For the last reason, I believe that the original authors orthography should be part of LC. I further believe, that listing known non-standard name variants would be extremely valuable and I propose to make this part of the "Core". Name variants may result from reasons discussed in LinneanCoreDisentangle, but also special situations like that a name has frequently erronously attributed to an author that did not publish it, or names that used to be valid under older versions of the code but are replaced with different names through changes in the rules (example: changing the starting date for fungi and the associated sanctioning mechanism).
* Richard: I agree that a separate element should be included for original orthography (needs to be defined explicitly). I imagine three separate approaches to handling [[LinneanCoreDefinitions#VariantSpelling][variant spellings]]. One is to do as you suggest and enumerate them within the LC schema. Another is to treat them as separate LC "units" (e. g., with their own GUIDs).
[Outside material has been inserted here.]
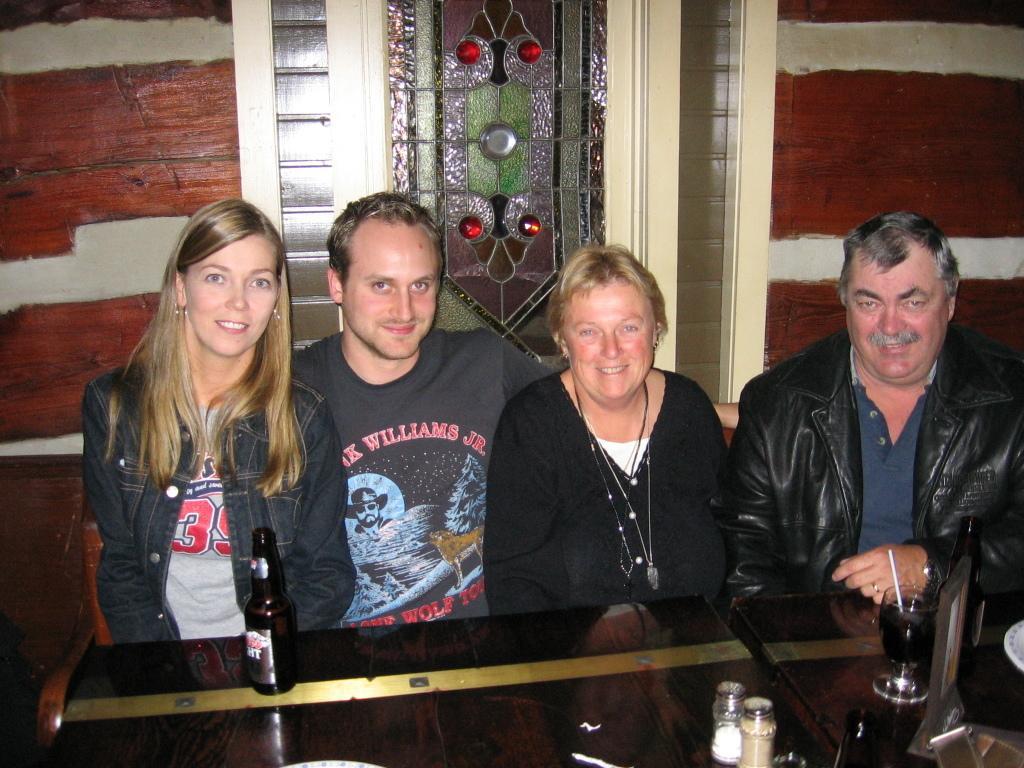How would you summarize this image in a sentence or two? In this image there are four people sitting in front of the table with a smile on their face. On the table there is a bottle, glass of drink with straw and some other objects.

Another is to leave them to be tracked in the "<nop>NameSimple" element of TCS, and access them only through TCS instances of that sort. See also [[LinneanCoreDomain#VariantSpelling][LinneanCoreDomain]].
* Main.JessieKennedy - 12 Nov 2004: we seem to have another modelling issue that we need to address or understanding of it might allay some worries. Apart from preference and potentially performance issues in an implementation conceptually what's the difference between<br/>
object_a relationship_x object_b <br/>
and<br/>
object_a has_attribute_x object_b ?<br/>
purely a modeling issue and I think this is all you're discussing so a name_object has an attribute original orthography could easily be represented as name_object (or concept in TCS) has_original_orthography_relationship name_object<br/>
The use of relationships is more flexible as you don't need to specify all the types of relationships in advance which you would need to do if you were to treat them as attributes. If you wanted an enumerated list of relationships then of course the list would have to be maintained but I believe this is simpler.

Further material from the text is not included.